Multimodal learning combines data from different modalities (e.g., images, text, audio) to improve model performance and generalization. CNNs, originally proposed for visual processing, now serve as a core component in multimodal architectures—often paired with transformers, RNNs, or embedding techniques. For example, vision-language models like CLIP and multimodal transformers like ViLT extend CNN-based image features to interact with text data. While this project focuses purely on visual data, it forms the basis for such multimodal systems and aligns with the historical shift from unimodal to integrated multimodal learning.
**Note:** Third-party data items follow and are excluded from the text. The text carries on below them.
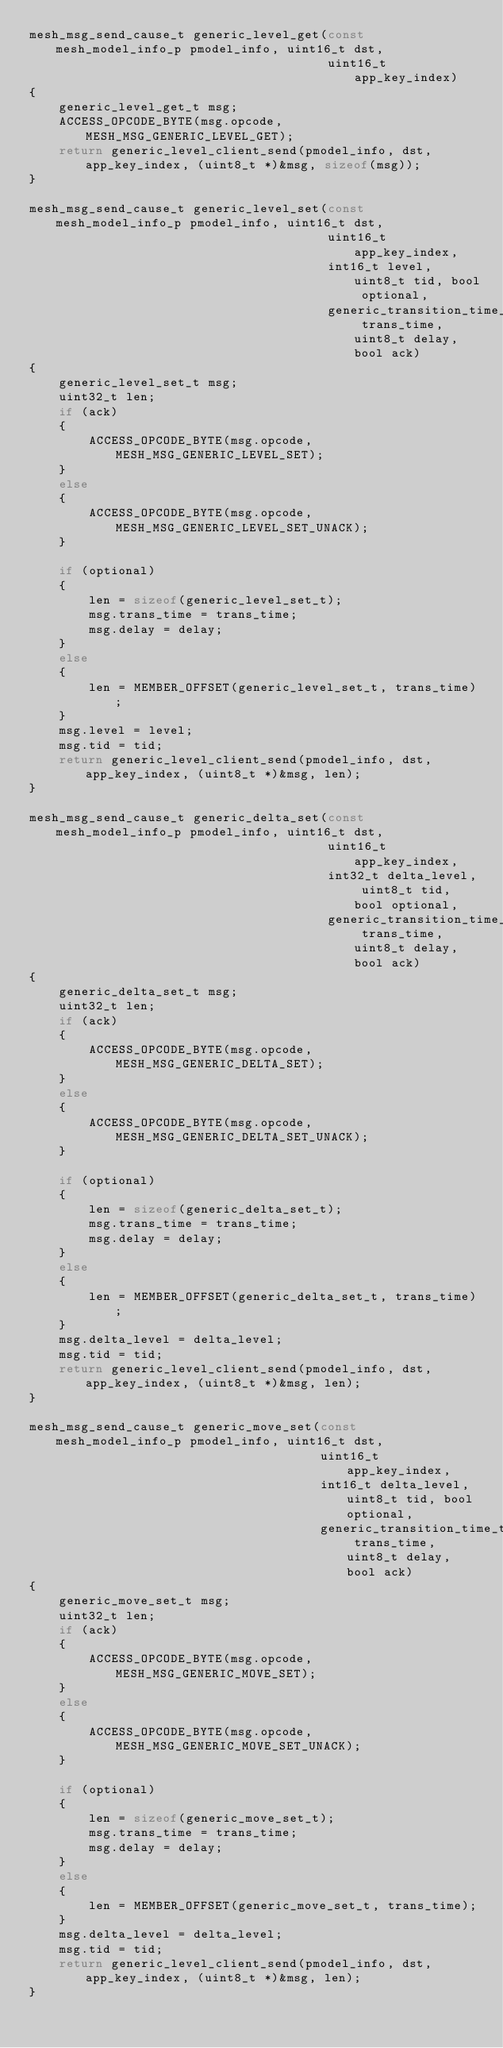<code> <loc_0><loc_0><loc_500><loc_500><_C_>mesh_msg_send_cause_t generic_level_get(const mesh_model_info_p pmodel_info, uint16_t dst,
                                        uint16_t app_key_index)
{
    generic_level_get_t msg;
    ACCESS_OPCODE_BYTE(msg.opcode, MESH_MSG_GENERIC_LEVEL_GET);
    return generic_level_client_send(pmodel_info, dst, app_key_index, (uint8_t *)&msg, sizeof(msg));
}

mesh_msg_send_cause_t generic_level_set(const mesh_model_info_p pmodel_info, uint16_t dst,
                                        uint16_t app_key_index,
                                        int16_t level, uint8_t tid, bool optional,
                                        generic_transition_time_t trans_time, uint8_t delay, bool ack)
{
    generic_level_set_t msg;
    uint32_t len;
    if (ack)
    {
        ACCESS_OPCODE_BYTE(msg.opcode, MESH_MSG_GENERIC_LEVEL_SET);
    }
    else
    {
        ACCESS_OPCODE_BYTE(msg.opcode, MESH_MSG_GENERIC_LEVEL_SET_UNACK);
    }

    if (optional)
    {
        len = sizeof(generic_level_set_t);
        msg.trans_time = trans_time;
        msg.delay = delay;
    }
    else
    {
        len = MEMBER_OFFSET(generic_level_set_t, trans_time);
    }
    msg.level = level;
    msg.tid = tid;
    return generic_level_client_send(pmodel_info, dst, app_key_index, (uint8_t *)&msg, len);
}

mesh_msg_send_cause_t generic_delta_set(const mesh_model_info_p pmodel_info, uint16_t dst,
                                        uint16_t app_key_index,
                                        int32_t delta_level, uint8_t tid, bool optional,
                                        generic_transition_time_t trans_time, uint8_t delay, bool ack)
{
    generic_delta_set_t msg;
    uint32_t len;
    if (ack)
    {
        ACCESS_OPCODE_BYTE(msg.opcode, MESH_MSG_GENERIC_DELTA_SET);
    }
    else
    {
        ACCESS_OPCODE_BYTE(msg.opcode, MESH_MSG_GENERIC_DELTA_SET_UNACK);
    }

    if (optional)
    {
        len = sizeof(generic_delta_set_t);
        msg.trans_time = trans_time;
        msg.delay = delay;
    }
    else
    {
        len = MEMBER_OFFSET(generic_delta_set_t, trans_time);
    }
    msg.delta_level = delta_level;
    msg.tid = tid;
    return generic_level_client_send(pmodel_info, dst, app_key_index, (uint8_t *)&msg, len);
}

mesh_msg_send_cause_t generic_move_set(const mesh_model_info_p pmodel_info, uint16_t dst,
                                       uint16_t app_key_index,
                                       int16_t delta_level, uint8_t tid, bool optional,
                                       generic_transition_time_t trans_time, uint8_t delay, bool ack)
{
    generic_move_set_t msg;
    uint32_t len;
    if (ack)
    {
        ACCESS_OPCODE_BYTE(msg.opcode, MESH_MSG_GENERIC_MOVE_SET);
    }
    else
    {
        ACCESS_OPCODE_BYTE(msg.opcode, MESH_MSG_GENERIC_MOVE_SET_UNACK);
    }

    if (optional)
    {
        len = sizeof(generic_move_set_t);
        msg.trans_time = trans_time;
        msg.delay = delay;
    }
    else
    {
        len = MEMBER_OFFSET(generic_move_set_t, trans_time);
    }
    msg.delta_level = delta_level;
    msg.tid = tid;
    return generic_level_client_send(pmodel_info, dst, app_key_index, (uint8_t *)&msg, len);
}</code>

# Dependencies Installation


In [2]:
import tensorflow as tf
from tensorflow import keras
from tensorflow.keras import layers, models
from tensorflow.keras.datasets import cifar10
from tensorflow.keras.utils import to_categorical

import tensorflow as tf
from tensorflow.keras.models import Sequential
from tensorflow.keras.layers import Conv2D, MaxPooling2D, Flatten, Dense
from tensorflow.keras.datasets import cifar10
from tensorflow.keras.utils import to_categorical


# Data Load 

In [3]:
(x_train, y_train), (x_test, y_test) = cifar10.load_data()

# Normalize pixel values

In [4]:
x_train = x_train.astype('float32') / 255.0
x_test  = x_test.astype('float32') / 255.0

# One-hot encode labels for categorical coloumns 

In [5]:
y_train = to_categorical(y_train, 10)
y_test  = to_categorical(y_test, 10)

# model

In [6]:
model = Sequential([
    Conv2D(32, (3, 3), activation='relu', input_shape=(32, 32, 3)),  # Conv(3x3x3, 32)
    MaxPooling2D(pool_size=(2, 2)),                                  # MaxPool(2x2)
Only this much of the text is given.